#### Problem
Filter the entries for lines with the word "cuboid".

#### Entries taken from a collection

↓

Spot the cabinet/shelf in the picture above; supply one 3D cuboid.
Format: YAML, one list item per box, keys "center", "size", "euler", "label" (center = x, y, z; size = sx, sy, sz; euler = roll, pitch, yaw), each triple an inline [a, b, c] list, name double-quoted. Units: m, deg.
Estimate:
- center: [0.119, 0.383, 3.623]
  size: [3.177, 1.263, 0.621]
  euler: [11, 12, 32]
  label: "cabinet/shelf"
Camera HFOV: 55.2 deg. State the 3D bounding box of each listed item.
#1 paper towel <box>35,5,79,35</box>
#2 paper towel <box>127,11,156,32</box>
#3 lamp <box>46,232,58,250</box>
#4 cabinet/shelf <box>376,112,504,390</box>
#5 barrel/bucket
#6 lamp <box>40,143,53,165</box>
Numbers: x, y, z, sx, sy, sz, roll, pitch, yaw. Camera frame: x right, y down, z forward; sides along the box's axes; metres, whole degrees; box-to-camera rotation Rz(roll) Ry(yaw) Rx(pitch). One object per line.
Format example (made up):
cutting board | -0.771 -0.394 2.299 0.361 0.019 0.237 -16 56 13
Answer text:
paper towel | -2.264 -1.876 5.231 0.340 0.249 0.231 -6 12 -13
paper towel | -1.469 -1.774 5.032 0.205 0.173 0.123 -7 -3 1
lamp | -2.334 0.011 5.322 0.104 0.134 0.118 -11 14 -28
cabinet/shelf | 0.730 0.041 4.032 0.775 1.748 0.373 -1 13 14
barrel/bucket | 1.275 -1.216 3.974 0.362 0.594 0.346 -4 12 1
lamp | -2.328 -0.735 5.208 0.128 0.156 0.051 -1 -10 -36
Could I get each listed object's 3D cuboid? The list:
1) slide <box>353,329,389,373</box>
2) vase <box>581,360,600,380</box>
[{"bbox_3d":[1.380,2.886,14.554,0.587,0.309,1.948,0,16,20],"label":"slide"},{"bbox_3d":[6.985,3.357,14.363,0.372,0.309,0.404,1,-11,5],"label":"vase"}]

↑
↓

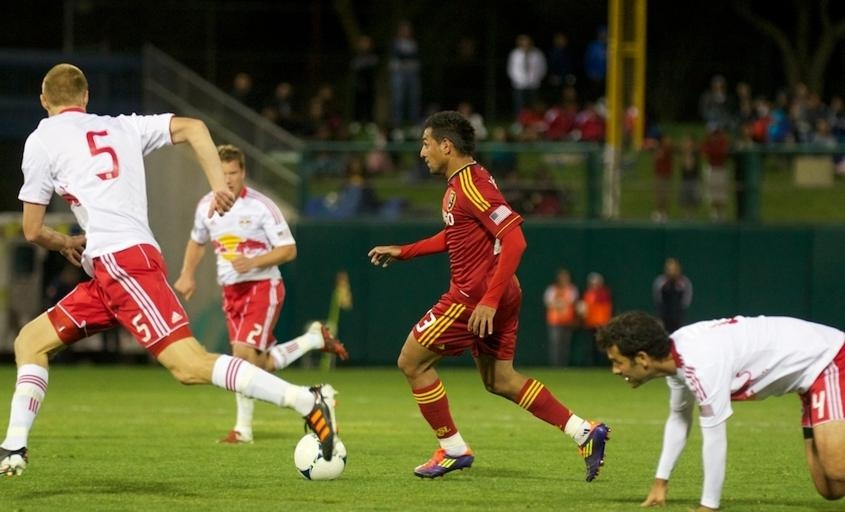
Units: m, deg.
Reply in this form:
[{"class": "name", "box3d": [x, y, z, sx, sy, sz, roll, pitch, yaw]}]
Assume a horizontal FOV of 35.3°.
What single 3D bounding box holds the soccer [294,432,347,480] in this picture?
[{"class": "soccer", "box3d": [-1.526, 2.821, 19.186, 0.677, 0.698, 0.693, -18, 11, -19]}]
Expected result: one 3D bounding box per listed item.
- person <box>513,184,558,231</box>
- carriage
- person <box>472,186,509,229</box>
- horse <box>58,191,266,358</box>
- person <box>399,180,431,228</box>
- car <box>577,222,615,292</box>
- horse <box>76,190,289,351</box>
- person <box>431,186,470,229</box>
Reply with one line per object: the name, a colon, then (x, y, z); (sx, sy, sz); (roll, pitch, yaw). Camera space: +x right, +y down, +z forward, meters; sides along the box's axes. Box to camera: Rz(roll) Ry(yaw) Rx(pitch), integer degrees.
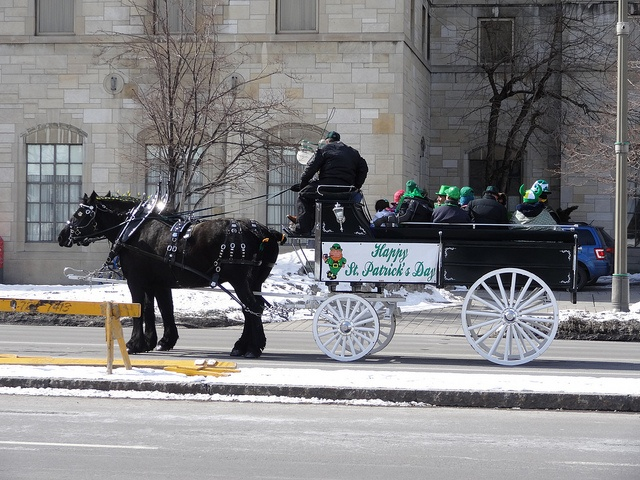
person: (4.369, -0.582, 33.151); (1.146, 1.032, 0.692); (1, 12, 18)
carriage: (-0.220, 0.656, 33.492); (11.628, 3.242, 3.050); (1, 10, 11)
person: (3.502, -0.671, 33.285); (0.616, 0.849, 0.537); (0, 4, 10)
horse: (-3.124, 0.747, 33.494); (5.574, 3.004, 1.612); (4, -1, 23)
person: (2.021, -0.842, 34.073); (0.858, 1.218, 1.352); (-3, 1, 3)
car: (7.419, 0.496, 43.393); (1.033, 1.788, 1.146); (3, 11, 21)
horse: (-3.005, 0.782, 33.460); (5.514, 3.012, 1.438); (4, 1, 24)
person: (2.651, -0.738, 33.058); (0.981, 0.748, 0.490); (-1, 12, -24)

↑

#### Exercise result
Spot the cabinet/shelf in the picture above; supply one 3D cuboid.
Could I get each listed object's 3D cuboid? The list:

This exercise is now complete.